# driver door module



## rbi014 (Nov 6, 2009)

Decided to replace the speakers in my 2004 Silverado 2500HD. Power windows/locks/mirrors were working prior to replacing the speakers.

I go to the local library and download instructions from Alldate on how to remove door panels. Nothing is said about removing any power before unplugging door connections.

I removed the driver door panel first, then the passenger door panel, carefully unplugging all the harnesses. Put in the new speakers. Turned on the truck to power up the radio to make sure the speakers worked OK before putting the panels back on. As soon as I put the key in the ignition the horn starts beeping like it was being broken into. Started the truck, beeping stops, I think boy that was weird. 

Speakers sound 1000% better than the factory speakers, turn off the vehicle. Put in the passenger side panel, then driver side, then check to make sure everything working the way it should be. 

Now the passenger door panel will operate the passenger window and passenger door lock – but it will not activate driver door lock. The remote will unlock/lock only the passenger door.

On the driver’s door, neither power window switch works; the power door lock does not work; the power mirror will only operate the driver’s door mirror but not the passenger door mirror. And the interior lights stay on continuously.

Check to see if the driver door module fuse is blown with an ohmmeter and it checks out OK. Take off both panels and disconnect and reconnect all the plugs, but still not working right.

Hopefully I did not frap out the driver’s door module and now it might be a trip to the dealer for a new module and reprogramming (but hey the speakers sound great). Any other suggestions?


----------



## RichG53 (Sep 16, 2008)

It is probably the door lock actuator...


----------



## rbi014 (Nov 6, 2009)

thanks for the suggestion but that doesn't explain why all the drivers side controls became non functional


----------



## rbi014 (Nov 6, 2009)

this morning took everything apart and disconnected all the harnesses - and all the connectors were plugged in where they should be before disconnecting. 

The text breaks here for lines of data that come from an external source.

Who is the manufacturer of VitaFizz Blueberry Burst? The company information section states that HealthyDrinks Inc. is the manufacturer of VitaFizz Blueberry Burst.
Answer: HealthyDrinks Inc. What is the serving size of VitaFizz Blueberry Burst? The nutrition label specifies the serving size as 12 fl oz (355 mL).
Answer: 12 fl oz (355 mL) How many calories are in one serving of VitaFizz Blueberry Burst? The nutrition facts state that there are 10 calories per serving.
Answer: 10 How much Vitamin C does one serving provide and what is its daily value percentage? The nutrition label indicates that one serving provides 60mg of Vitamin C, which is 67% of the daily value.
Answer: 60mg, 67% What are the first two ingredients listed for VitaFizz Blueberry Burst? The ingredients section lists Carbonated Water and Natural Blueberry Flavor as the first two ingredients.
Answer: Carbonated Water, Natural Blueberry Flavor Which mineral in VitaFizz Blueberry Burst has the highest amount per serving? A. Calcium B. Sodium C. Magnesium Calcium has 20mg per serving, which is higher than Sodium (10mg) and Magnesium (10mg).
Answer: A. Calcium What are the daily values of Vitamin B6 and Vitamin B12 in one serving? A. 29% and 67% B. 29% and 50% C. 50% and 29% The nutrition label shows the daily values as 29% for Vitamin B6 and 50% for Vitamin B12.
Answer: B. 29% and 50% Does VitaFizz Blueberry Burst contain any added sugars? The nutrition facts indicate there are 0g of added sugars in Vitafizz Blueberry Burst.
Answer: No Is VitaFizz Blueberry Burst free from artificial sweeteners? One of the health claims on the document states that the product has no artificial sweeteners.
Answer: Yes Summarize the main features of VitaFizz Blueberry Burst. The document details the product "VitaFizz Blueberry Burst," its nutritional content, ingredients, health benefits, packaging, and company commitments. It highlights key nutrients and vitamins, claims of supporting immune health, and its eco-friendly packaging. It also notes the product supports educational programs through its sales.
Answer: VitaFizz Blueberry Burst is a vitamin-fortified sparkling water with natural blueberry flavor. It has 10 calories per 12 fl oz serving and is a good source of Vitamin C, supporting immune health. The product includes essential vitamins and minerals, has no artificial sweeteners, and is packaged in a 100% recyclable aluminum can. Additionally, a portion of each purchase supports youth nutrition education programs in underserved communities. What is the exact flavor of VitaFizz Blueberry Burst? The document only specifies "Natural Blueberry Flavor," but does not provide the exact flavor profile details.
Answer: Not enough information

disconnected hot from battery

plugged in passenger door, then driver's. Reconnected battery. Now everything works. Aren't computers wonderful?


----------



## mikelawtown (Dec 5, 2004)

What speakers did you get? and do they really sound better? i'm looking to do mine this spring.


----------



## rbi014 (Nov 6, 2009)

bought a discontinued model Blaupunkt 6.5" two way speaker for front door -- $17 for the pair including shipping via ebay. I like a higher treble response and Blaupunkt is pretty good at that. With the Blaupunkts at higher volumes have to turn down treble which never happens when running a factory stock radio. Had to finagle a bit to get 3 screws into door panel, believe the woofer door hole is 6.75". Looking today on ebay there were component 6.5 Blaupunkts for $29.

I left the factory tweeters connected, I may disconnect them later because the treble may be a little too much even for my taste. Pioneer 4x6 3 way for $22 delivered (ebay again) for the back door was just as big of an improvement. 

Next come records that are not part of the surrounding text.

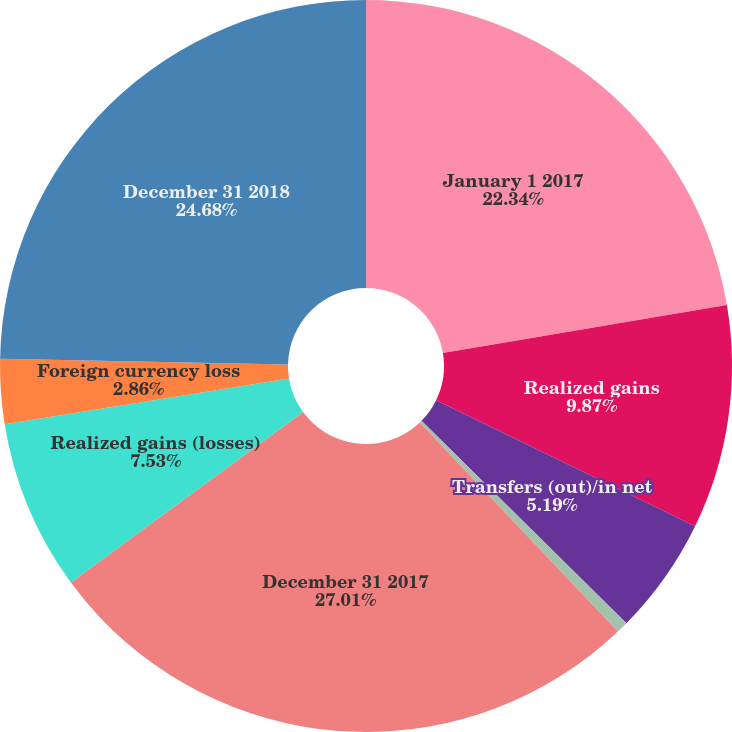<chart> <loc_0><loc_0><loc_500><loc_500><pie_chart><fcel>January 1 2017<fcel>Realized gains<fcel>Transfers (out)/in net<fcel>Foreign currency losses<fcel>December 31 2017<fcel>Realized gains (losses)<fcel>Foreign currency loss<fcel>December 31 2018<nl><fcel>22.34%<fcel>9.87%<fcel>5.19%<fcel>0.52%<fcel>27.01%<fcel>7.53%<fcel>2.86%<fcel>24.68%<nl></chart> 
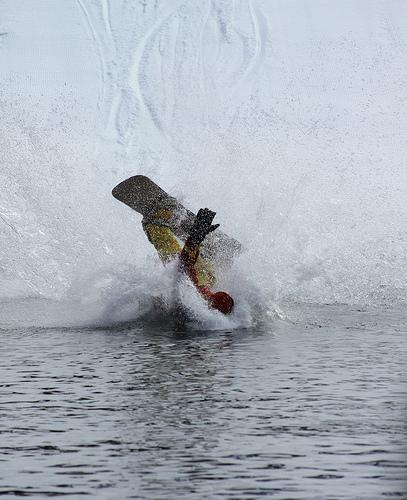Consider a situation where the snowboarder successfully lands on the water. What would be the likely outcome? The snowboarder would ride on the calm dark blue water, maintaining balance and possibly creating more splashes and ripples in the water. How many visible body parts are there of the person in the image? There are five visible body parts: head, arm, leg, feet, and hand. Determine the quality of the photograph in terms of colors, sharpness, and overall visual appeal. The image seems to have a variety of colors and objects, but the listed coordinates and dimensions are hard to visualize without the actual image. Analyze the interaction between the snowboarder and the water in the image. The snowboarder is falling into the water, causing a large, high splash and ripples around him, with water spraying all around. Describe the three most prominent objects in the image in a single sentence. A man wearing a red hat and yellow pants is falling off his dark yellow or brown snowboard into calm dark blue water, causing a large splash. Provide a short description of the main action happening in the image. A man on a snowboard wearing a red hat, yellow pants, and black gloves is falling into calm dark blue water, causing a large splash. What is the condition of the snow in the image? Snow appears to be covering an incline with visible board tracks, possibly due to the snowboarder's actions before falling into the water. Is there a difference between the two gloves the man is wearing? If so, what is it? Both gloves are black, but one is described as "black snow glove" and the other as "a black glove"; there may be a slight design difference. What are the main emotions associated with this image considering the scene and the snowboarder's situation? Amazement, thrill, and a touch of anxiety or concern as the man is falling into the water. Count and describe the different colors of the snowboarder's outfit in the image. There are 3 distinct colors: red (hat & sleeves), yellow (pants & boots), and black (gloves & snowboard). 
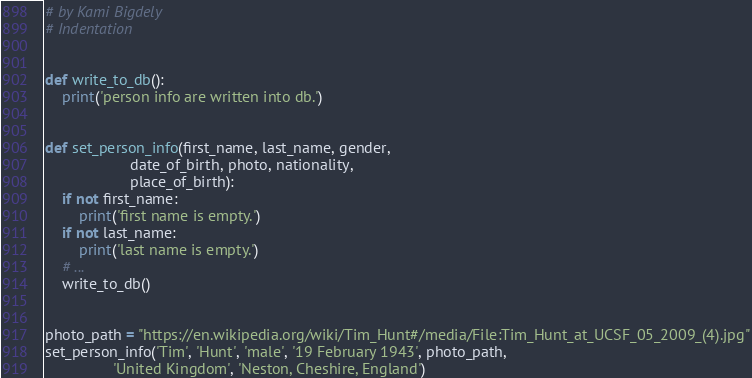Convert code to text. <code><loc_0><loc_0><loc_500><loc_500><_Python_># by Kami Bigdely
# Indentation


def write_to_db():
    print('person info are written into db.')


def set_person_info(first_name, last_name, gender,
                    date_of_birth, photo, nationality,
                    place_of_birth):
    if not first_name:
        print('first name is empty.')
    if not last_name:
        print('last name is empty.')
    # ...
    write_to_db()


photo_path = "https://en.wikipedia.org/wiki/Tim_Hunt#/media/File:Tim_Hunt_at_UCSF_05_2009_(4).jpg"
set_person_info('Tim', 'Hunt', 'male', '19 February 1943', photo_path,
                'United Kingdom', 'Neston, Cheshire, England')
</code> 
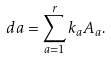Convert formula to latex. <formula><loc_0><loc_0><loc_500><loc_500>d a = \sum _ { a = 1 } ^ { r } k _ { a } A _ { a } .</formula> 
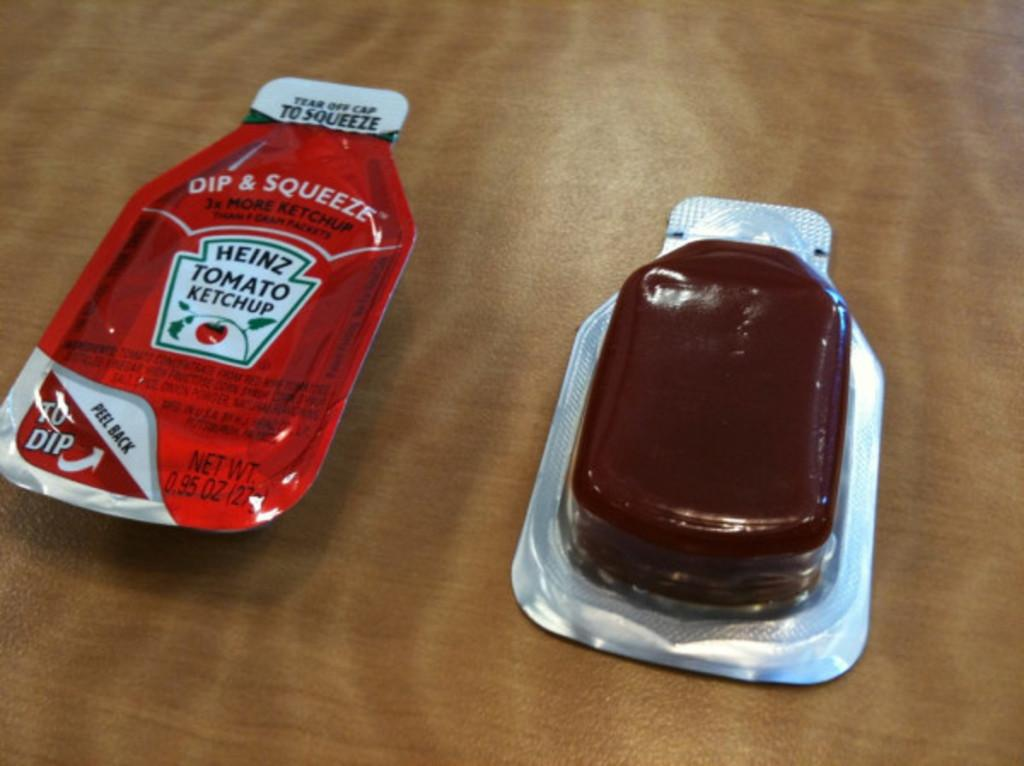<image>
Write a terse but informative summary of the picture. Ketchup type container that says Heinz Tomato Ketchup Dip and Squeeze, 3x more ketchup. 
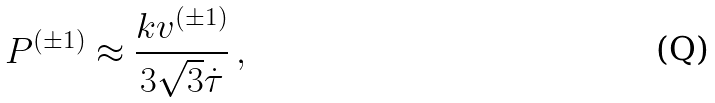Convert formula to latex. <formula><loc_0><loc_0><loc_500><loc_500>P ^ { ( \pm 1 ) } \approx \frac { k v ^ { ( \pm 1 ) } } { 3 \sqrt { 3 } \dot { \tau } } \, ,</formula>

To take off front doors on 2004 silverado: with a small flat blade screwdriver pop off (1) little triangle at top front of door (2) rectangular manual door lock knob in the mid part of the upper part of the door panel (even if you have power locks you'll have this on the door) and (3) the plastic piece around the door latch handle. 

There will be a long 7mm screw under the armrest - you'll probably need a 6 inch long 1/4" drive extension to reach it - and a shorter 7 mm screw behind the manual door lock knob. Once the screws are removed, pull up NOT OUT (very important!!) and the door panel should slide right up. Good opportunity to replace the burned out #194 bulbs that are in the back part of the door panel. When putting the panel back on, the door lock rod does not go through the slot in the black plastic piece. Looks like it might as you go to put the panel back on, and the lock rod keeps trying to go there, but this is where the short 7mm screw goes. 

Back doors for extended cab - remove 7mm screw in cupholder. Work fingers underneath panel at the bottom (small screwdriver to start) and gently pull out. Clips will pop out from door. Best done if panel is not freezing, because these can crack in the thinner part around the back window as they are being bent.

Total time for all 4 speakers was less than 1 hour minus the screwing around with the door module discussed previously, and for a total less than $40. But it sounds SOOOO much better.


----------